Required action: Any picture in the data below should be skipped, while every line is repeated exactly.

Data shown:
※ ※ ※

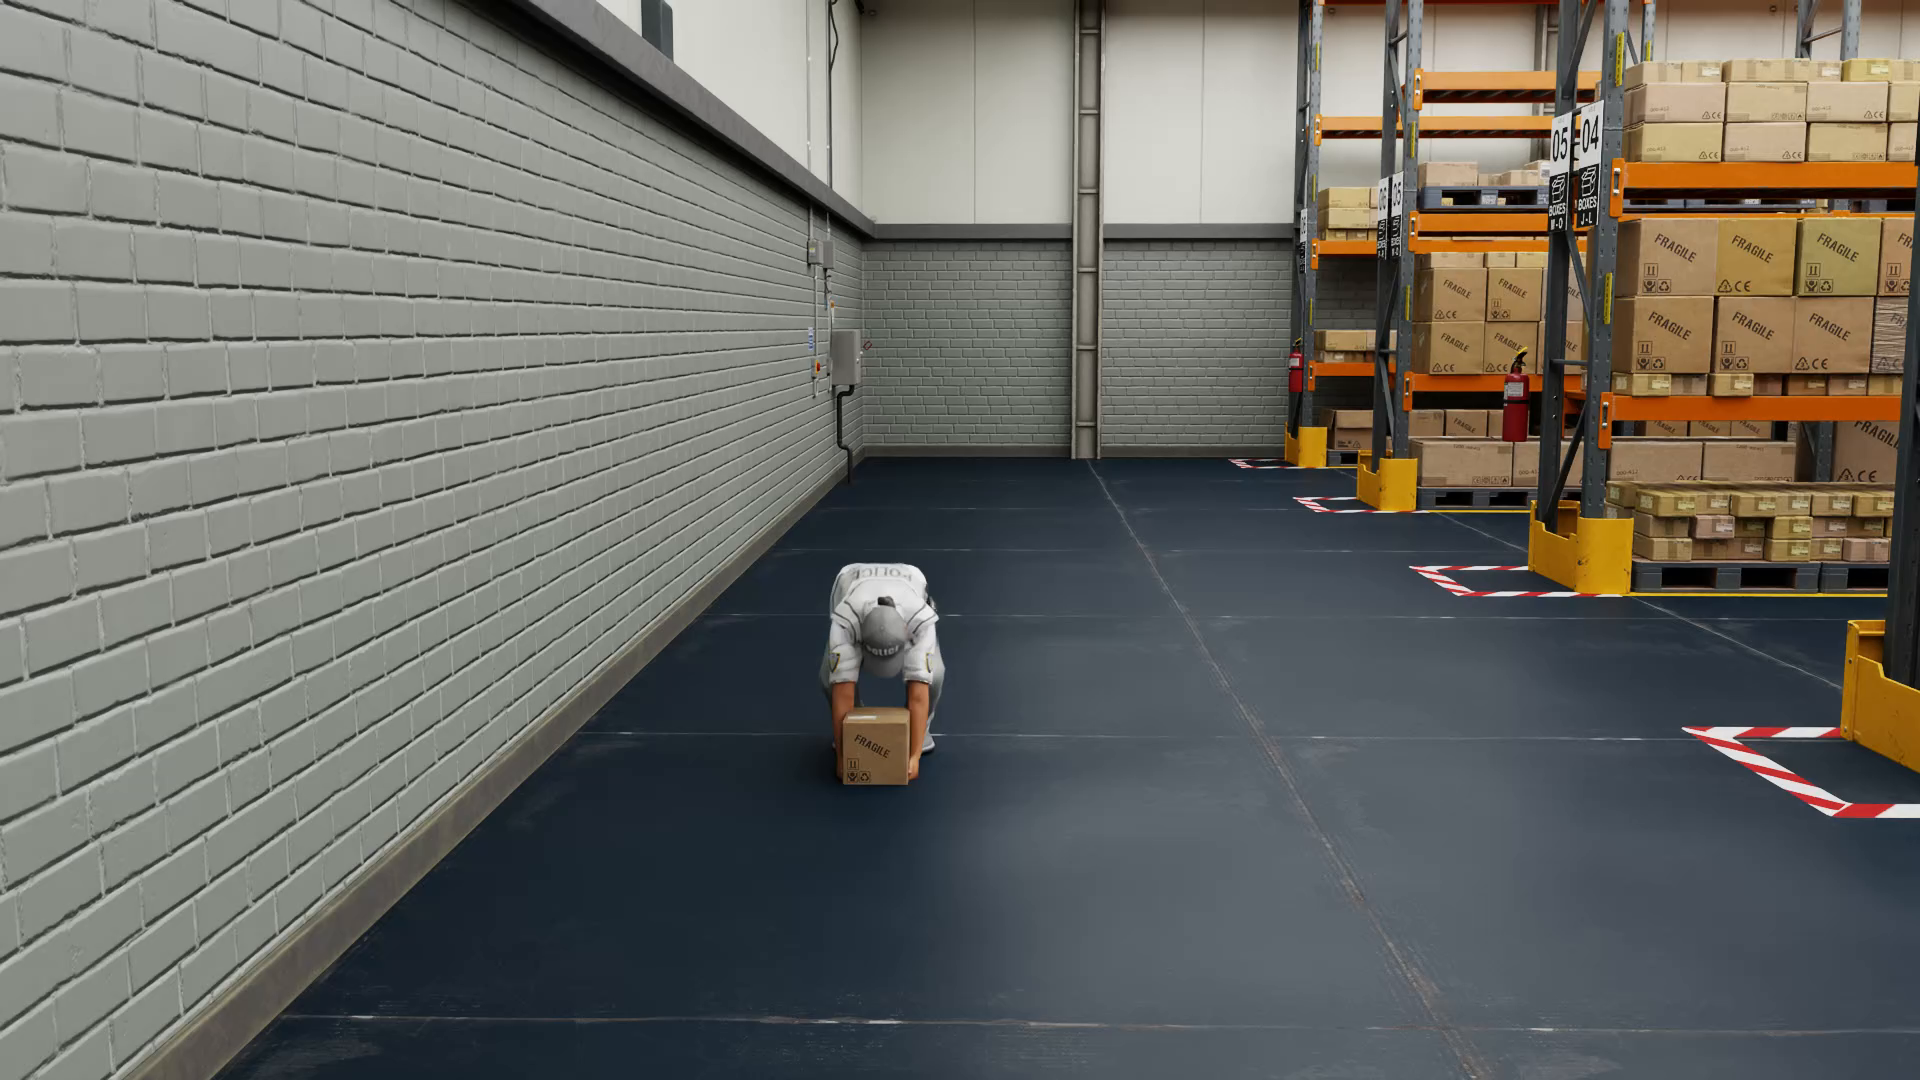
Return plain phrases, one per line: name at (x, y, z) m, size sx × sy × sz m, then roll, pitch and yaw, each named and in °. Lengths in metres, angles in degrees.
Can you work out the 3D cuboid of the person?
person at (-0.318, 0.514, 6.800) m, size 0.514 × 0.797 × 0.921 m, roll 0°, pitch 7°, yaw 0°
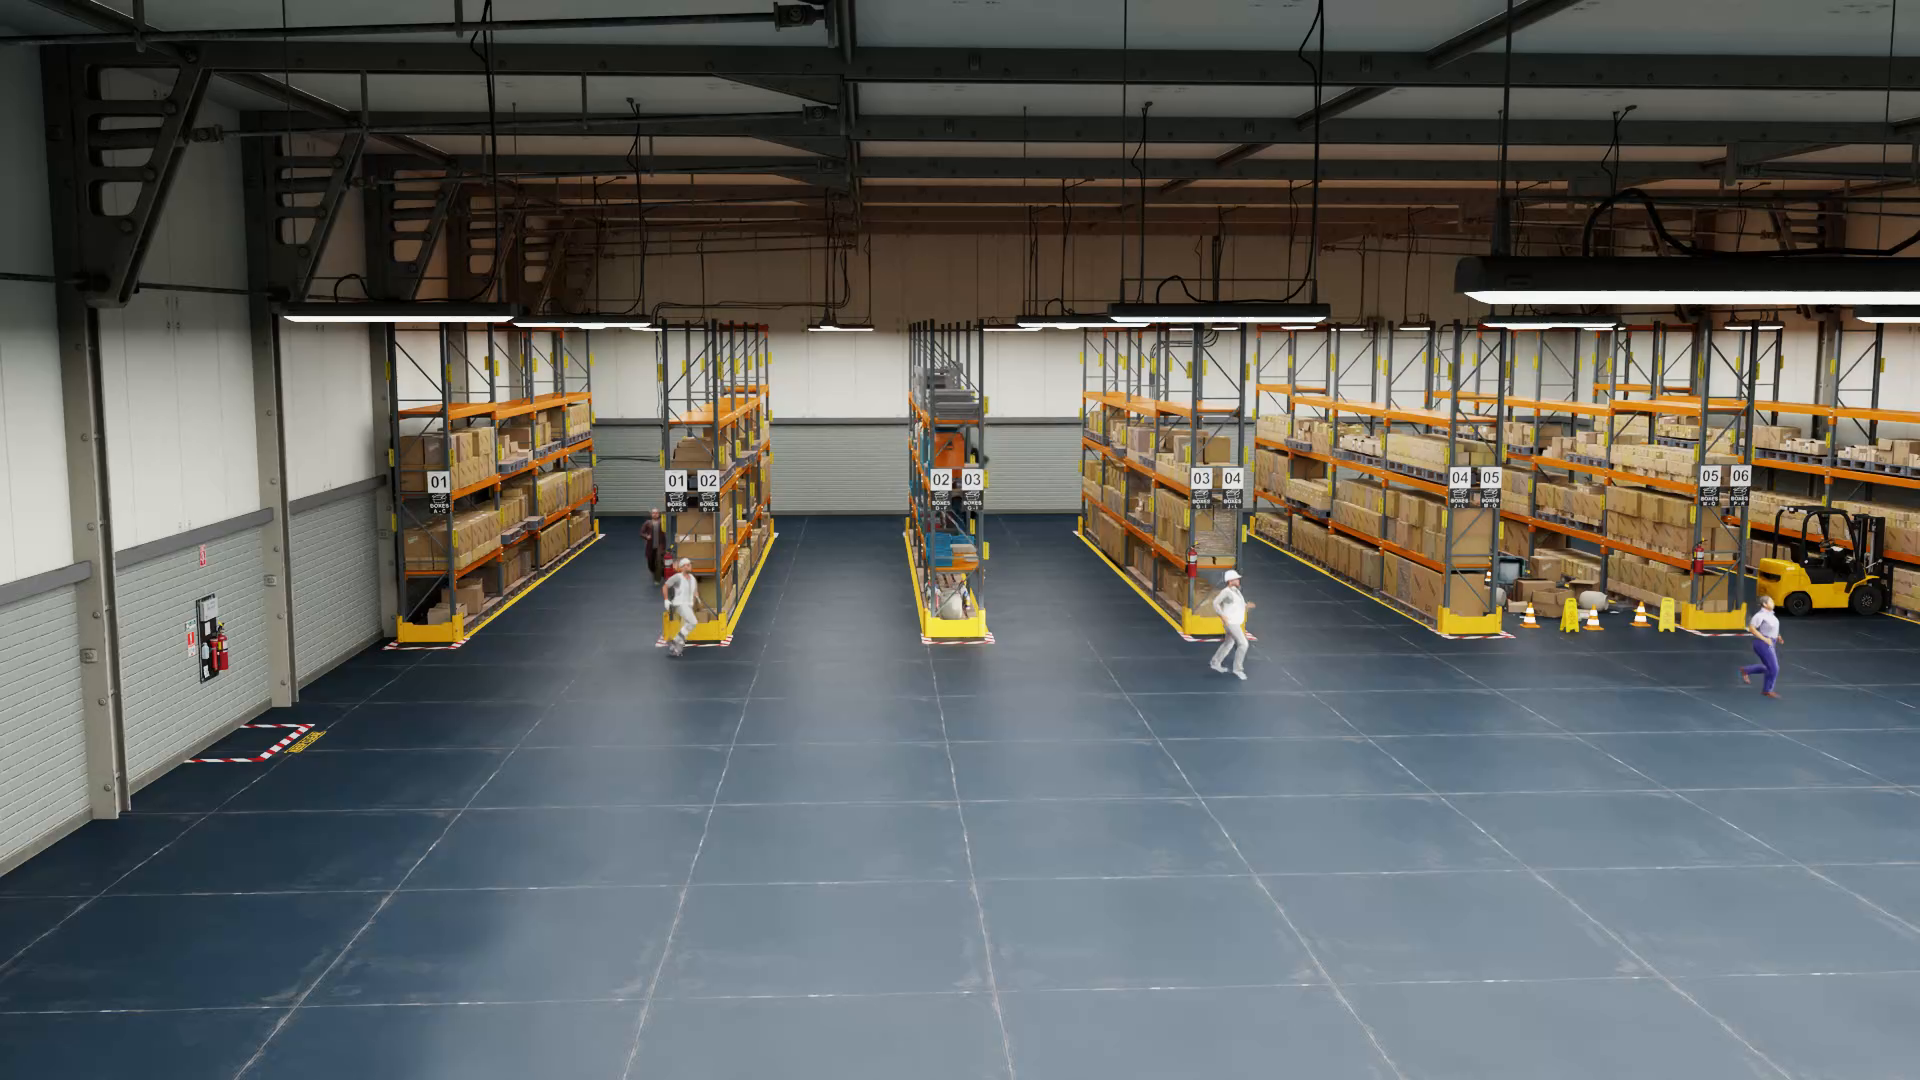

※ ※ ※

Exercise answer:
Return plain phrases, one per line: name at (x, y, z) m, size sx × sy × sz m, then roll, pitch and yaw, each named and in °. Lengths in metres, angles in degrees.
Can you work out the 3D cuboid of the person?
person at (-0.318, 0.514, 6.800) m, size 0.514 × 0.797 × 0.921 m, roll 0°, pitch 7°, yaw 0°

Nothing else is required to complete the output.